I've read a couple of articles recently that specifically state that when using pushblocks on the jointer, you should never put your fingers around the handle, as your fingers may be trapped in a kickback situation. Instead, you should put your palms on top of the handle.


This sounds good in theory - no one wants their fingers "trapped" when something goes wrong. But I'm not sure it works in practice, and since I've managed to avoid any serious jointer kickback, I don't really know how it works.
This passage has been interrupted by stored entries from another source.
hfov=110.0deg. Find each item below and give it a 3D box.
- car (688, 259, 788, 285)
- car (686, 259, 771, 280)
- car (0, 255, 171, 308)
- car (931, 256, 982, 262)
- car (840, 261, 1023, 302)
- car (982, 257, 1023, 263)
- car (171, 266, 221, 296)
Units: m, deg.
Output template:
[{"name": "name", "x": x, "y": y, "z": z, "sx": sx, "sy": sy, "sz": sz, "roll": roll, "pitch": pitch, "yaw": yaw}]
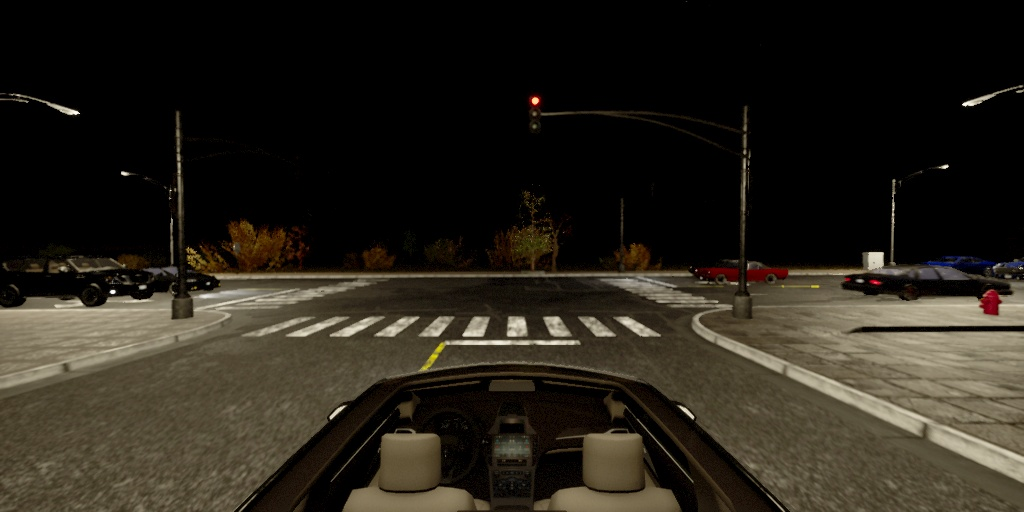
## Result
[{"name": "car", "x": 13.567, "y": 0.989, "z": 21.529, "sx": 4.718, "sy": 1.301, "sz": 1.895, "roll": 0, "pitch": 1, "yaw": 0}, {"name": "car", "x": 14.866, "y": 0.901, "z": 24.777, "sx": 4.718, "sy": 1.301, "sz": 1.895, "roll": 0, "pitch": 1, "yaw": 0}, {"name": "car", "x": -18.273, "y": 0.979, "z": 15.085, "sx": 5.566, "sy": 2.045, "sz": 2.150, "roll": 0, "pitch": 1, "yaw": 1}, {"name": "car", "x": 30.350, "y": 0.733, "z": 24.647, "sx": 4.674, "sy": 1.442, "sz": 1.812, "roll": 0, "pitch": 1, "yaw": 1}, {"name": "car", "x": 17.055, "y": 1.077, "z": 14.934, "sx": 5.357, "sy": 1.411, "sz": 2.033, "roll": 0, "pitch": 1, "yaw": 2}, {"name": "car", "x": 31.874, "y": 0.632, "z": 21.379, "sx": 4.553, "sy": 1.767, "sz": 2.097, "roll": 0, "pitch": 1, "yaw": 1}, {"name": "car", "x": -17.517, "y": 1.234, "z": 18.338, "sx": 4.181, "sy": 1.385, "sz": 1.994, "roll": 0, "pitch": 1, "yaw": 0}]

Here's what I'm thinking: 
If your fingers are through the handle and the board gets kicked out, either 1) the pushblocks will go with the board, dragging your hands away from the cutterhead; or 2) the pushblocks will slide, the board will go away, but you will still have a pushblock between your hands and the cutterhead. However, if your hands are open on top of the push blocks and the board gets kicked out, the blocks will most certainly go with the wood, and your hand will go palm-down onto the cutterhead.

Am I missing something?


----------



## SteveKorz (Mar 25, 2008)

I think that alot of this theory (as with feeding material for any machine) is in your body weight distribution. I've seen people really throw their weight into lumber when they are feeding it into the tablesaw, jointer, whatever. That, in my theory, is a good method to get cut up. I put ALL of my weight on my feet, with most my weight on the leg that is farthest from the machine. I give just enough weight and force to my hands and arms to handle the lumber, and feed it. If something happens, my hands aren't forced into anything, because they aren't supporting any of my weight.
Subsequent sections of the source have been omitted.